Exercise instructions:
In your answer, copy every entry that follows exactly.

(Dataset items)
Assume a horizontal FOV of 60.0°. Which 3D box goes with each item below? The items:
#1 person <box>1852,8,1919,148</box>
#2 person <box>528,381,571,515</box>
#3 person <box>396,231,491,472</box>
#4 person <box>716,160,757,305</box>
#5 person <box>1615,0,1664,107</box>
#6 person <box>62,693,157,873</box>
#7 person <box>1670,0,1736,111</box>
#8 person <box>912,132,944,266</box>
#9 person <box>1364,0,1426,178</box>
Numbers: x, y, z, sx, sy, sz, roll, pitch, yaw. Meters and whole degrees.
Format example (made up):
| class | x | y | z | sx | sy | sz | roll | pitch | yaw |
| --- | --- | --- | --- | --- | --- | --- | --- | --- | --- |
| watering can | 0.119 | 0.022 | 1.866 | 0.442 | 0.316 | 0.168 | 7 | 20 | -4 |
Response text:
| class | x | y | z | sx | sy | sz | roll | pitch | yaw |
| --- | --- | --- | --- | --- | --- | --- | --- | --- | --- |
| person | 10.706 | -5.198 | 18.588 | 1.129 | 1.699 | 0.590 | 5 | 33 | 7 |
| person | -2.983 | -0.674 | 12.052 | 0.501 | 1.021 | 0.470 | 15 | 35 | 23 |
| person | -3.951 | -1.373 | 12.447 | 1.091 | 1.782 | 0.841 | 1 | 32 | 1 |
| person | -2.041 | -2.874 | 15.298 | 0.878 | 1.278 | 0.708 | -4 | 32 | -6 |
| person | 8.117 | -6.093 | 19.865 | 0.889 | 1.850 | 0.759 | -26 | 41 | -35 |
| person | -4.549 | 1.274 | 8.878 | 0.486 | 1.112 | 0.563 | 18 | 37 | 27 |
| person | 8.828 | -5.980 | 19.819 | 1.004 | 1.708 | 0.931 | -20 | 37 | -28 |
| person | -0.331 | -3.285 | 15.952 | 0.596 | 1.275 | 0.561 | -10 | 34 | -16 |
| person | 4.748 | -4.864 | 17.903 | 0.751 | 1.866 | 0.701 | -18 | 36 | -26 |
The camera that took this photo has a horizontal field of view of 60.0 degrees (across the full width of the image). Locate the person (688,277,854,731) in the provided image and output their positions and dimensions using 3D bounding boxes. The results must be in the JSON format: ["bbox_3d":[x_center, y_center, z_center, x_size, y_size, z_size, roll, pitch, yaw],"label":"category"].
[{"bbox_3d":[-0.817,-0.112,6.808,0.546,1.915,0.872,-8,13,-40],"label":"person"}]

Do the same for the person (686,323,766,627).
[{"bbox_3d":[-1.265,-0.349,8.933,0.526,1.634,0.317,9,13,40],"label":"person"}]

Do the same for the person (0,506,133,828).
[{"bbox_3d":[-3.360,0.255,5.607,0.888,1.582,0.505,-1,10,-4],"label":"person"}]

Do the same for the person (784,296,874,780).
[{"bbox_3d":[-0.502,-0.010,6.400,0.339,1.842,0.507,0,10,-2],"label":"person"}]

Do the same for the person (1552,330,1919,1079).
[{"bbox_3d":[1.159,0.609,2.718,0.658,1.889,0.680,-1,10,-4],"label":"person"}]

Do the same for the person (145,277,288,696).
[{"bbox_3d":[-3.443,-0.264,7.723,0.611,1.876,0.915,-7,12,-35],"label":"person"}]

Written response:
Assume a horizontal FOV of 60.0°. Which 3D box goes with each item below? The items:
#1 person <box>1852,8,1919,148</box>
#2 person <box>528,381,571,515</box>
#3 person <box>396,231,491,472</box>
#4 person <box>716,160,757,305</box>
#5 person <box>1615,0,1664,107</box>
#6 person <box>62,693,157,873</box>
#7 person <box>1670,0,1736,111</box>
#8 person <box>912,132,944,266</box>
#9 person <box>1364,0,1426,178</box>
Numbers: x, y, z, sx, sy, sz, roll, pitch, yaw. Meters and whole degrees.
Format example (made up):
| class | x | y | z | sx | sy | sz | roll | pitch | yaw |
| --- | --- | --- | --- | --- | --- | --- | --- | --- | --- |
| watering can | 0.119 | 0.022 | 1.866 | 0.442 | 0.316 | 0.168 | 7 | 20 | -4 |
Response text:
| class | x | y | z | sx | sy | sz | roll | pitch | yaw |
| --- | --- | --- | --- | --- | --- | --- | --- | --- | --- |
| person | 10.706 | -5.198 | 18.588 | 1.129 | 1.699 | 0.590 | 5 | 33 | 7 |
| person | -2.983 | -0.674 | 12.052 | 0.501 | 1.021 | 0.470 | 15 | 35 | 23 |
| person | -3.951 | -1.373 | 12.447 | 1.091 | 1.782 | 0.841 | 1 | 32 | 1 |
| person | -2.041 | -2.874 | 15.298 | 0.878 | 1.278 | 0.708 | -4 | 32 | -6 |
| person | 8.117 | -6.093 | 19.865 | 0.889 | 1.850 | 0.759 | -26 | 41 | -35 |
| person | -4.549 | 1.274 | 8.878 | 0.486 | 1.112 | 0.563 | 18 | 37 | 27 |
| person | 8.828 | -5.980 | 19.819 | 1.004 | 1.708 | 0.931 | -20 | 37 | -28 |
| person | -0.331 | -3.285 | 15.952 | 0.596 | 1.275 | 0.561 | -10 | 34 | -16 |
| person | 4.748 | -4.864 | 17.903 | 0.751 | 1.866 | 0.701 | -18 | 36 | -26 |
The camera that took this photo has a horizontal field of view of 60.0 degrees (across the full width of the image). Locate the person (688,277,854,731) in the provided image and output their positions and dimensions using 3D bounding boxes. The results must be in the JSON format: ["bbox_3d":[x_center, y_center, z_center, x_size, y_size, z_size, roll, pitch, yaw],"label":"category"].
[{"bbox_3d":[-0.817,-0.112,6.808,0.546,1.915,0.872,-8,13,-40],"label":"person"}]

Do the same for the person (686,323,766,627).
[{"bbox_3d":[-1.265,-0.349,8.933,0.526,1.634,0.317,9,13,40],"label":"person"}]

Do the same for the person (0,506,133,828).
[{"bbox_3d":[-3.360,0.255,5.607,0.888,1.582,0.505,-1,10,-4],"label":"person"}]

Do the same for the person (784,296,874,780).
[{"bbox_3d":[-0.502,-0.010,6.400,0.339,1.842,0.507,0,10,-2],"label":"person"}]

Do the same for the person (1552,330,1919,1079).
[{"bbox_3d":[1.159,0.609,2.718,0.658,1.889,0.680,-1,10,-4],"label":"person"}]

Do the same for the person (145,277,288,696).
[{"bbox_3d":[-3.443,-0.264,7.723,0.611,1.876,0.915,-7,12,-35],"label":"person"}]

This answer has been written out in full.